- _Problem to solve_
Every record below should be copied exactly, with the pictures left out.

- _Data records_
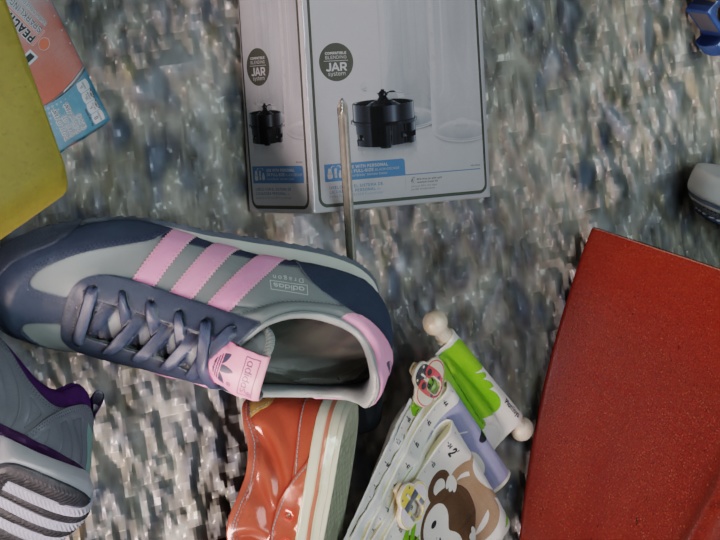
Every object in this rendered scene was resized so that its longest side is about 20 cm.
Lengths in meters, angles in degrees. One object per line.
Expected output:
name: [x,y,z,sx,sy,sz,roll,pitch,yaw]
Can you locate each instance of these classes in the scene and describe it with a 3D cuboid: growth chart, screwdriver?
growth chart: [0.036,0.139,1.197,0.145,0.018,0.201,43,63,-48]
screwdriver: [0.000,0.000,1.134,0.029,0.028,0.201,1,126,-2]

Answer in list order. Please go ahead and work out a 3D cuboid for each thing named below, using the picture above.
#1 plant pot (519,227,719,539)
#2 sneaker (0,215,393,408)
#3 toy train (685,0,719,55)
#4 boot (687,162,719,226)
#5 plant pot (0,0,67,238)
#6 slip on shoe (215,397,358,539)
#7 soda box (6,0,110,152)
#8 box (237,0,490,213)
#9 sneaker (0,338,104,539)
plant pot: [0.205,0.114,1.238,0.200,0.200,0.177,30,86,-31]
sneaker: [-0.077,0.024,1.071,0.199,0.082,0.070,3,122,-16]
toy train: [0.248,-0.100,1.348,0.046,0.034,0.200,-44,116,-11]
boot: [0.266,0.010,1.343,0.199,0.073,0.091,21,104,-18]
plant pot: [-0.227,-0.060,0.884,0.176,0.200,0.201,-21,90,-21]
slip on shoe: [-0.049,0.155,1.141,0.061,0.074,0.201,12,96,10]
soda box: [-0.192,-0.138,1.021,0.064,0.068,0.200,-36,112,-28]
box: [0.000,-0.132,1.159,0.116,0.060,0.201,-5,94,-34]
sneaker: [-0.210,0.051,1.035,0.200,0.074,0.088,30,40,-22]

- _Written reply_
Every object in this rendered scene was resized so that its longest side is about 20 cm.
Lengths in meters, angles in degrees. One object per line.
Expected output:
name: [x,y,z,sx,sy,sz,roll,pitch,yaw]
Can you locate each instance of these classes in the scene and describe it with a 3D cuboid: growth chart, screwdriver?
growth chart: [0.036,0.139,1.197,0.145,0.018,0.201,43,63,-48]
screwdriver: [0.000,0.000,1.134,0.029,0.028,0.201,1,126,-2]

Answer in list order. Please go ahead and work out a 3D cuboid for each thing named below, using the picture above.
#1 plant pot (519,227,719,539)
#2 sneaker (0,215,393,408)
#3 toy train (685,0,719,55)
#4 boot (687,162,719,226)
#5 plant pot (0,0,67,238)
#6 slip on shoe (215,397,358,539)
#7 soda box (6,0,110,152)
#8 box (237,0,490,213)
#9 sneaker (0,338,104,539)
plant pot: [0.205,0.114,1.238,0.200,0.200,0.177,30,86,-31]
sneaker: [-0.077,0.024,1.071,0.199,0.082,0.070,3,122,-16]
toy train: [0.248,-0.100,1.348,0.046,0.034,0.200,-44,116,-11]
boot: [0.266,0.010,1.343,0.199,0.073,0.091,21,104,-18]
plant pot: [-0.227,-0.060,0.884,0.176,0.200,0.201,-21,90,-21]
slip on shoe: [-0.049,0.155,1.141,0.061,0.074,0.201,12,96,10]
soda box: [-0.192,-0.138,1.021,0.064,0.068,0.200,-36,112,-28]
box: [0.000,-0.132,1.159,0.116,0.060,0.201,-5,94,-34]
sneaker: [-0.210,0.051,1.035,0.200,0.074,0.088,30,40,-22]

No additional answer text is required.